Tıpkı 20 yaşında herşeyi bildiğiniz, 30 -35 arası ise babanızın hakkını geri vermeye başladığınız gibi.

Bu yanılgı, konunun gerçekten konuşulduğunda basit olmasından kaynaklanıyor. Ancak insanların kurguladığı iş hayatı ve şirket düzeni içinde dikkat edilmesi gereken bir dizi ayrıntı var, işte ilk bakışta görülmeyen bu ayrıntılar yolda sizi sarsmaya, direksiyonu bir o tarafa bir bu tarafa çevirmenize neden olur, arabanın içinde bulunan yolcular sonunda perişan olarak arabadan inip eskisi gibi yürümeye karar verene kadar devam eden bir süreçtir bu !

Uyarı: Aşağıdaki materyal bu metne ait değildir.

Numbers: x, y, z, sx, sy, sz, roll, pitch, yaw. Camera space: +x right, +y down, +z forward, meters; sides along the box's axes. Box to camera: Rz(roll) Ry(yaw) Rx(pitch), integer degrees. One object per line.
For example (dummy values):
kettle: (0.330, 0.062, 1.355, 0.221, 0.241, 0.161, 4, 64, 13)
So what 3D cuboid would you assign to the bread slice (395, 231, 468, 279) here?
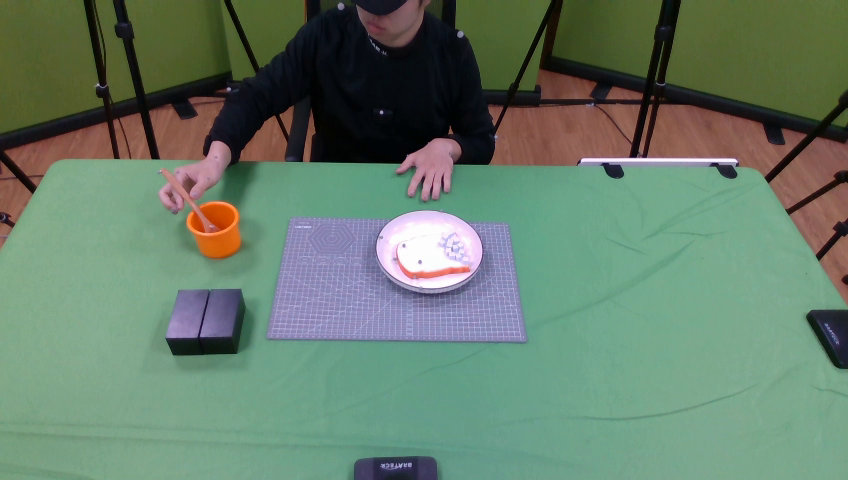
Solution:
bread slice: (0.011, 0.030, 1.158, 0.132, 0.019, 0.104, -9, 47, -14)

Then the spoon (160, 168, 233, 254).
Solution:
spoon: (-0.424, -0.055, 1.130, 0.041, 0.194, 0.021, -42, 18, -31)

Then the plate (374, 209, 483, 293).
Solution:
plate: (0.009, 0.024, 1.160, 0.209, 0.038, 0.208, 2, 46, -2)
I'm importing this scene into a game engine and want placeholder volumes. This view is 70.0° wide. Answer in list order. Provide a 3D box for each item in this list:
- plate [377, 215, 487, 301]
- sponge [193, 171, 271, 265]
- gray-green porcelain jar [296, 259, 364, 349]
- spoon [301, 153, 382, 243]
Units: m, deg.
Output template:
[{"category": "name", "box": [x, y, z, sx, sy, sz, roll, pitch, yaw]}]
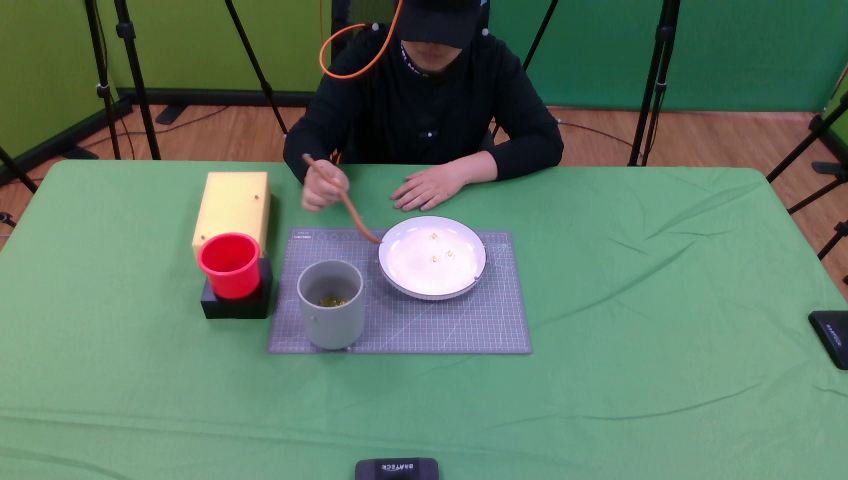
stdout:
[{"category": "plate", "box": [0.015, 0.037, 1.147, 0.208, 0.039, 0.206, 2, 46, -2]}, {"category": "sponge", "box": [-0.371, -0.047, 1.189, 0.118, 0.061, 0.205, -2, 47, -6]}, {"category": "gray-green porcelain jar", "box": [-0.152, 0.111, 1.003, 0.106, 0.127, 0.105, 2, 46, -2]}, {"category": "spoon", "box": [-0.133, -0.065, 0.981, 0.021, 0.194, 0.041, -38, 16, -6]}]
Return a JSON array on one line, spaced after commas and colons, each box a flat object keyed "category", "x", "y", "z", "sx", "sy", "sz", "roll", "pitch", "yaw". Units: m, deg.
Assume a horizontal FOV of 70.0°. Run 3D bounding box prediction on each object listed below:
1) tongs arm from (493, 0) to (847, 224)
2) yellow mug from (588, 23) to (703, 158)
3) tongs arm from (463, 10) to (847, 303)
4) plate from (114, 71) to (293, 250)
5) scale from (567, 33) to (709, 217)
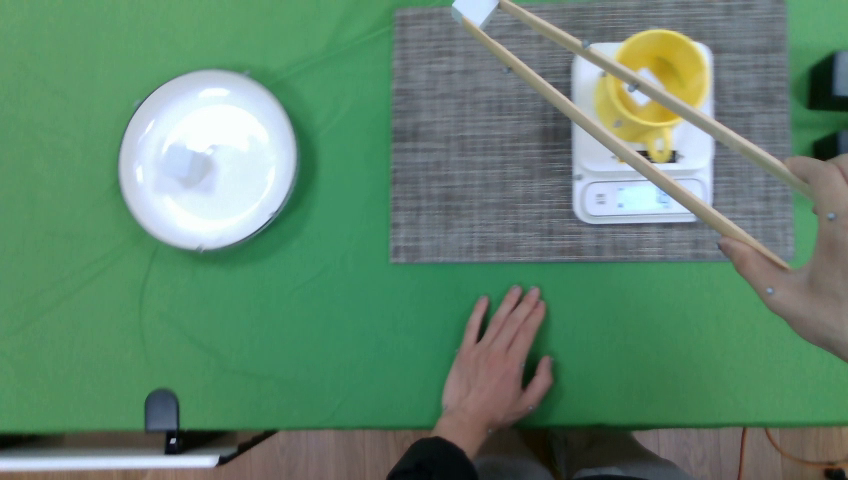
[{"category": "tongs arm", "x": 0.172, "y": -0.098, "z": 0.466, "sx": 0.051, "sy": 0.027, "sz": 0.381, "roll": -48, "pitch": 61, "yaw": 0}, {"category": "yellow mug", "x": 0.230, "y": -0.150, "z": 0.630, "sx": 0.100, "sy": 0.064, "sz": 0.130, "roll": -12, "pitch": 86, "yaw": 2}, {"category": "tongs arm", "x": 0.156, "y": -0.082, "z": 0.467, "sx": 0.028, "sy": 0.028, "sz": 0.384, "roll": -43, "pitch": 62, "yaw": 0}, {"category": "plate", "x": -0.252, "y": -0.090, "z": 0.708, "sx": 0.207, "sy": 0.039, "sz": 0.207, "roll": 0, "pitch": 86, "yaw": 3}, {"category": "scale", "x": 0.238, "y": -0.128, "z": 0.675, "sx": 0.148, "sy": 0.031, "sz": 0.200, "roll": -2, "pitch": 87, "yaw": 4}]
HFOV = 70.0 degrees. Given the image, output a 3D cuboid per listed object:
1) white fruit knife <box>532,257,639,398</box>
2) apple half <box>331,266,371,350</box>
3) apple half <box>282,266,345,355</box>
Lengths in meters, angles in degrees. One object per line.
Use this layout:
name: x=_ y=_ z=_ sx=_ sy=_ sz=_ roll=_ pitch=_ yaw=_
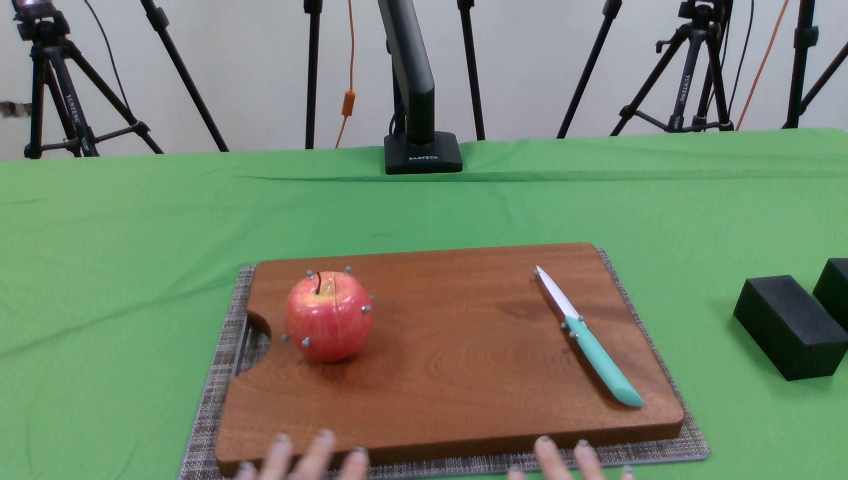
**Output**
white fruit knife: x=0.151 y=0.077 z=0.606 sx=0.027 sy=0.016 sz=0.205 roll=18 pitch=26 yaw=-27
apple half: x=-0.066 y=0.063 z=0.574 sx=0.033 sy=0.082 sz=0.080 roll=-10 pitch=37 yaw=-6
apple half: x=-0.105 y=0.069 z=0.569 sx=0.053 sy=0.075 sz=0.080 roll=-10 pitch=41 yaw=-6
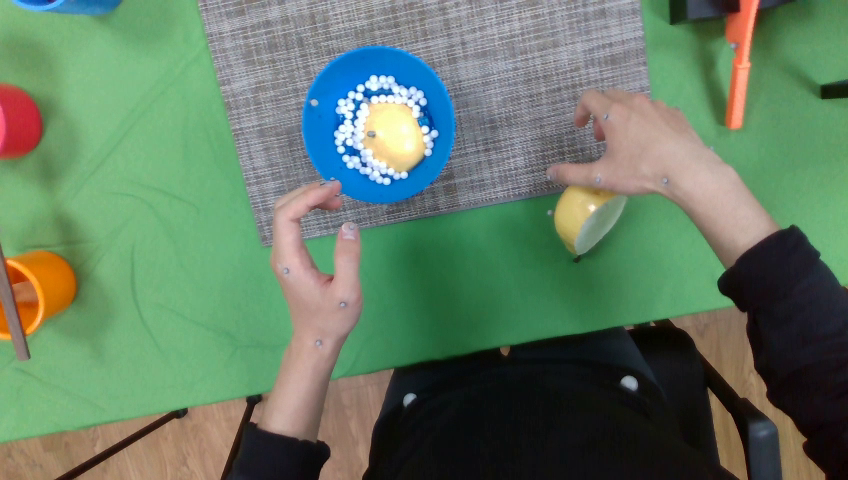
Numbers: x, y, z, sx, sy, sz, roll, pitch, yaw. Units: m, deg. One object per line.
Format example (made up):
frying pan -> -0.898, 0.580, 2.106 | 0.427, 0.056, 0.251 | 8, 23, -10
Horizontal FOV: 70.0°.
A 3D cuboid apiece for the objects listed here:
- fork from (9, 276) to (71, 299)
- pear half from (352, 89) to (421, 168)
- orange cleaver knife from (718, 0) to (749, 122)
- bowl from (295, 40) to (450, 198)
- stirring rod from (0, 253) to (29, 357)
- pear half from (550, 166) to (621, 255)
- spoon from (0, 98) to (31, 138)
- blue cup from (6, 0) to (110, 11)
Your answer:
fork -> -0.493, 0.057, 0.640 | 0.208, 0.018, 0.028 | -3, 116, -43
pear half -> -0.043, -0.116, 0.616 | 0.070, 0.031, 0.088 | -37, 95, 7
orange cleaver knife -> 0.303, -0.219, 0.593 | 0.012, 0.076, 0.213 | -8, 131, 9
bowl -> -0.048, -0.122, 0.621 | 0.151, 0.076, 0.152 | 0, 102, 2
stirring rod -> -0.443, 0.040, 0.633 | 0.014, 0.006, 0.177 | -7, 103, 0
pear half -> 0.166, -0.030, 0.656 | 0.076, 0.055, 0.111 | -19, 138, -26
spoon -> -0.507, -0.116, 0.604 | 0.194, 0.021, 0.042 | -16, 108, -39
blue cup -> -0.355, -0.263, 0.588 | 0.092, 0.100, 0.093 | 1, 103, 4
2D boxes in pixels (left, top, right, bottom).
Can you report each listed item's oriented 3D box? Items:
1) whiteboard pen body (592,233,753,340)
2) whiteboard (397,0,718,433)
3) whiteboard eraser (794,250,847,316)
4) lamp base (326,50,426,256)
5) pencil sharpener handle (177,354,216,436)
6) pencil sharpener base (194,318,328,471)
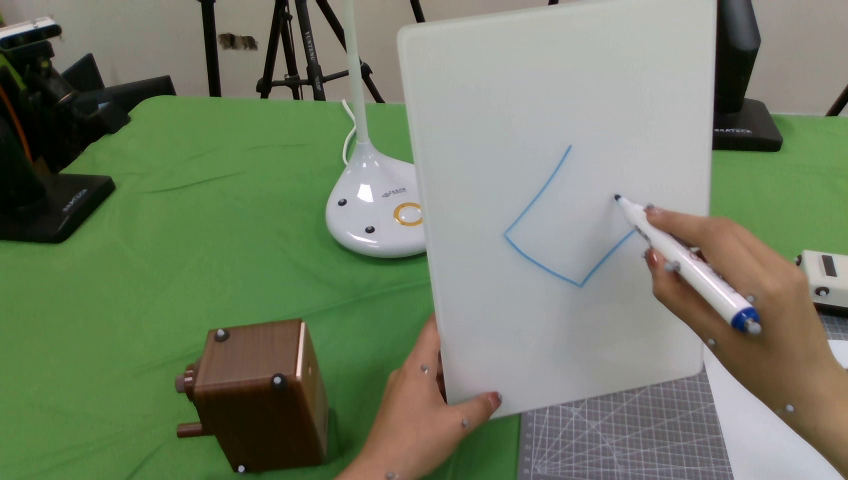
[{"bbox_3d":[0.149,0.022,0.387,0.017,0.017,0.139,-17,28,-15],"label":"whiteboard pen body"},{"bbox_3d":[0.098,-0.030,0.501,0.217,0.307,0.142,-10,21,-6],"label":"whiteboard"},{"bbox_3d":[0.398,0.044,0.543,0.112,0.042,0.055,10,42,16],"label":"whiteboard eraser"},{"bbox_3d":[-0.045,-0.101,0.650,0.161,0.182,0.177,-29,43,-26],"label":"lamp base"},{"bbox_3d":[-0.169,0.115,0.439,0.030,0.068,0.035,-6,27,-2],"label":"pencil sharpener handle"},{"bbox_3d":[-0.118,0.117,0.452,0.077,0.108,0.060,-6,40,-2],"label":"pencil sharpener base"}]
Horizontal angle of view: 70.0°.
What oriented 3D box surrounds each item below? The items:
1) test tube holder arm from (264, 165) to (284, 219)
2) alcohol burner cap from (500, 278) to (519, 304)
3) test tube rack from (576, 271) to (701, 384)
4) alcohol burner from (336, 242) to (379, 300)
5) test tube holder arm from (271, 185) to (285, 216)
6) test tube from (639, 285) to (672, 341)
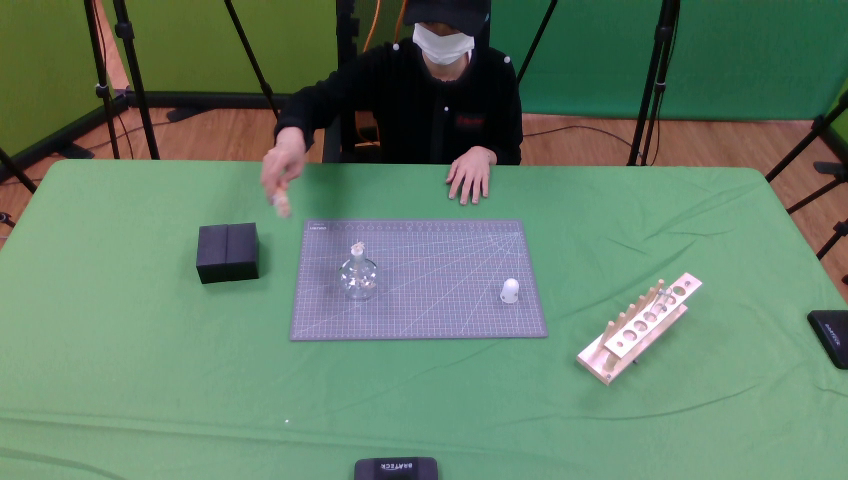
[{"bbox_3d":[-0.260,-0.086,1.046,0.015,0.013,0.177,13,26,-28],"label":"test tube holder arm"},{"bbox_3d":[0.157,0.090,1.104,0.034,0.048,0.033,2,46,-2],"label":"alcohol burner cap"},{"bbox_3d":[0.373,0.138,1.047,0.242,0.085,0.066,-31,56,-29],"label":"test tube rack"},{"bbox_3d":[-0.118,0.050,1.072,0.078,0.120,0.077,2,44,-1],"label":"alcohol burner"},{"bbox_3d":[-0.244,-0.067,1.008,0.015,0.010,0.087,13,27,-28],"label":"test tube holder arm"},{"bbox_3d":[0.374,0.123,0.994,0.017,0.151,0.017,1,50,-1],"label":"test tube"}]
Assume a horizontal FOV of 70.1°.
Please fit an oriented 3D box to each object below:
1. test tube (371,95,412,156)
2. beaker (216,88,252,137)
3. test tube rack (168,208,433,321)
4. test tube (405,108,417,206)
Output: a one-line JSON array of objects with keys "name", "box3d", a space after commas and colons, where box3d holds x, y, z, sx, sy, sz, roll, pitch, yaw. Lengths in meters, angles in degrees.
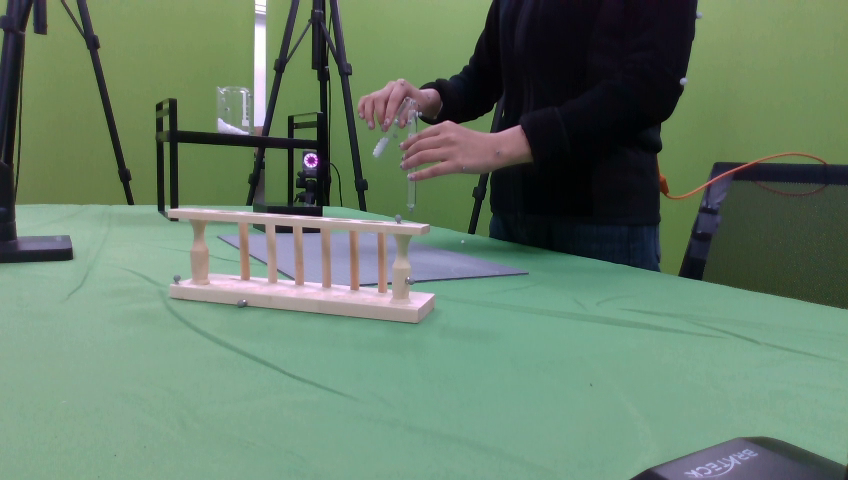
[{"name": "test tube", "box3d": [-0.056, -0.185, 0.998, 0.017, 0.017, 0.150, -2, -27, -30]}, {"name": "beaker", "box3d": [-0.412, -0.276, 1.310, 0.074, 0.100, 0.084, 4, 8, 16]}, {"name": "test tube rack", "box3d": [-0.116, 0.017, 0.574, 0.242, 0.085, 0.067, 4, 8, 13]}, {"name": "test tube", "box3d": [-0.021, -0.127, 0.927, 0.017, 0.150, 0.017, 1, 0, 0]}]
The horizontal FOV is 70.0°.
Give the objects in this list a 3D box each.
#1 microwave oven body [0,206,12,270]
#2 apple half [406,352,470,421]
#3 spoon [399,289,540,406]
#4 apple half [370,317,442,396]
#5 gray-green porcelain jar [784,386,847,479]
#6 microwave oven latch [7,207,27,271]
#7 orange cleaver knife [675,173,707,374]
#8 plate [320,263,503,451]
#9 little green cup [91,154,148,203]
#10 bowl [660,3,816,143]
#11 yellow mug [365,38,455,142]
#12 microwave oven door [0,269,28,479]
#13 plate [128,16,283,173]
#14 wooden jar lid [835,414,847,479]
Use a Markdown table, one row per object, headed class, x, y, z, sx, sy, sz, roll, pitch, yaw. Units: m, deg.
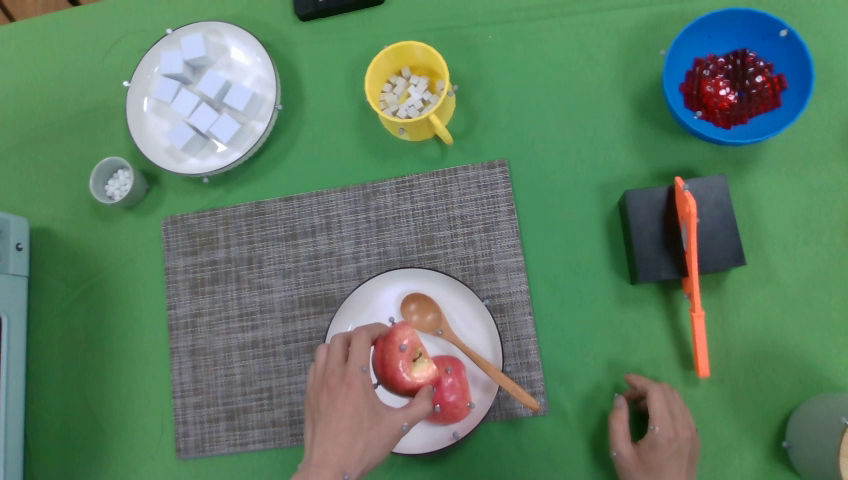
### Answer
| class | x | y | z | sx | sy | sz | roll | pitch | yaw |
| --- | --- | --- | --- | --- | --- | --- | --- | --- | --- |
| microwave oven body | -0.680 | 0.172 | 0.676 | 0.326 | 0.261 | 0.440 | -6 | 81 | 8 |
| apple half | 0.013 | 0.166 | 0.677 | 0.081 | 0.033 | 0.081 | -1 | 80 | 8 |
| spoon | 0.048 | 0.120 | 0.670 | 0.192 | 0.022 | 0.041 | 38 | 89 | 23 |
| apple half | -0.026 | 0.126 | 0.621 | 0.053 | 0.074 | 0.081 | -31 | 95 | -21 |
| gray-green porcelain jar | 0.415 | 0.194 | 0.573 | 0.105 | 0.127 | 0.105 | -1 | 81 | 9 |
| microwave oven latch | -0.531 | 0.000 | 0.778 | 0.030 | 0.029 | 0.079 | -5 | 81 | 8 |
| orange cleaver knife | 0.280 | 0.036 | 0.640 | 0.012 | 0.077 | 0.212 | -8 | 104 | 12 |
| plate | -0.014 | 0.131 | 0.692 | 0.209 | 0.038 | 0.208 | -1 | 82 | 9 |
| little green cup | -0.391 | -0.076 | 0.785 | 0.061 | 0.039 | 0.061 | -1 | 82 | 7 |
| bowl | 0.331 | -0.170 | 0.665 | 0.151 | 0.077 | 0.151 | -1 | 82 | 9 |
| yellow mug | -0.006 | -0.169 | 0.725 | 0.100 | 0.064 | 0.130 | -37 | 79 | 1 |
| microwave oven door | -0.534 | 0.199 | 0.644 | 0.039 | 0.245 | 0.354 | -6 | 80 | 8 |
| plate | -0.278 | -0.185 | 0.785 | 0.207 | 0.039 | 0.207 | -1 | 81 | 9 |
| wooden jar lid | 0.404 | 0.183 | 0.513 | 0.108 | 0.021 | 0.108 | -1 | 84 | 8 |
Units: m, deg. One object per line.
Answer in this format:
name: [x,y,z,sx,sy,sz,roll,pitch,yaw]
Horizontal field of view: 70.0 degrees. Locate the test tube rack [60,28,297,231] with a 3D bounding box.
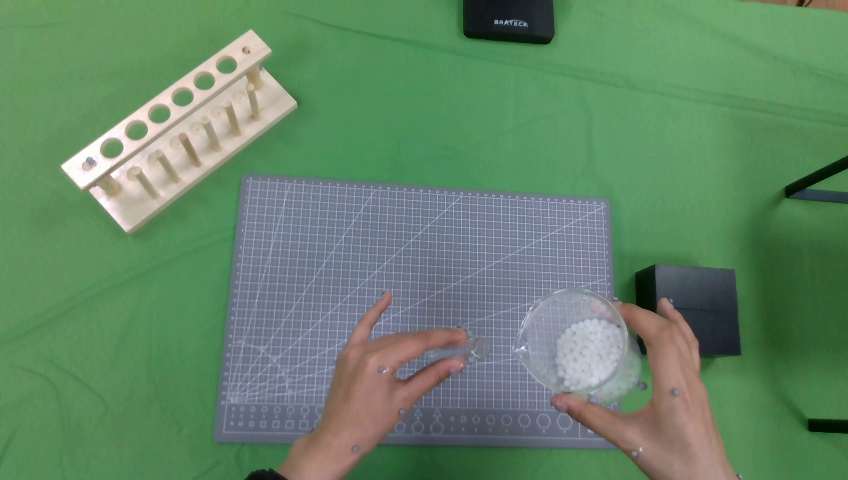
test tube rack: [-0.258,-0.121,0.668,0.242,0.085,0.066,-42,85,-15]

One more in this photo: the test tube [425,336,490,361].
test tube: [0.025,0.095,0.525,0.017,0.150,0.017,3,77,-14]

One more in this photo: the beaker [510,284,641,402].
beaker: [0.119,0.083,0.456,0.084,0.101,0.073,-15,65,23]
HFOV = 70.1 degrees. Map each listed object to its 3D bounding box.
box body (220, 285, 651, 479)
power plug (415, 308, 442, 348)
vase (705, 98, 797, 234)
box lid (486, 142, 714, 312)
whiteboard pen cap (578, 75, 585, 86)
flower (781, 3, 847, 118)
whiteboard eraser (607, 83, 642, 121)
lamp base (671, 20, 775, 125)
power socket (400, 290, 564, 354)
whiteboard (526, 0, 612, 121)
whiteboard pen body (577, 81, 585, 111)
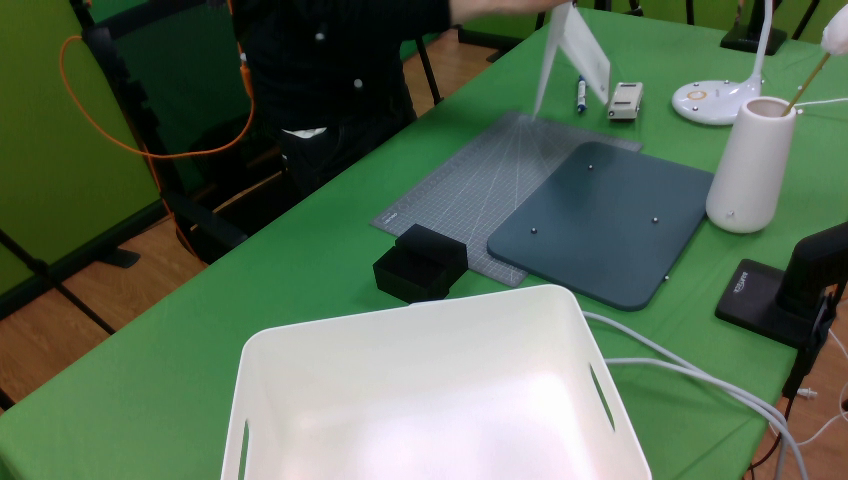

Ben iş hayatıma başladığımda 22 yaşındaydım. Birlikte çalıştığım kişilerin bir kısmı benim yaşlarımda bir kısmı ise benden büyüktü, şimdi ise iş yaptığım kişiler arasında yaşlılar grubunda yer alıyorum.

Genç insanlara duyulan güvensizliğin her türlüsünü yaşadım.

Ben hayatım boyunca kendi işimi yaptığım için hep karşımda müşteri adayı şirketin patronu veya çalışanları bulundu. Bunların arasından genellikle çalışanlar (patronlar değil) bana zaman zaman kendilerinin büyük bir şirket olduklarını benim ise küçük bir şirketi temsil ettiğimi ve bu durumda onlara nasıl bir iş sürdürebilme garantisi vereceğimi sormuşlardır.

Yaptığım işin niteliğinden dolayı zaten şirketim çok sayıda insan çalıştıramazdı ama çoğunun gözünde ölçek buydu. Sanki ne kadar çok insan çalıştırıyor iseniz o kadar güvenilir oluyordunuz …

Benzer bir soruyu çok az patrondan ya duydum ya da duymadım. Sizce niçin ?

Bence iş kurmuş olan kişiler ile iş kurmamış kişiler arasında temel bir fark var.

İlk grup riskin ne olduğunu, yükselmek kadar dibe gitmenin de iş hayatında olabileceğini bildiği ve muhtemelen bir iki kez sendeleme yaşamış oldukları için başkasının halinden anlıyorlar. İkinci grup ise bu riskleri hiç göze almamış,  sorgulayarak kendi sorumluluğunu yerine getirmek isteyenlerden oluşuyor. Neyse konumuz bu değil …

Sonra yıllar geçti, arkama baktığımda yüzlerce şirket ile tanıştığımı, bazıları ile iş yaptığımı bazıları ile bir çok sebepten dolayı hiç bir işim olmadığını görüyorum.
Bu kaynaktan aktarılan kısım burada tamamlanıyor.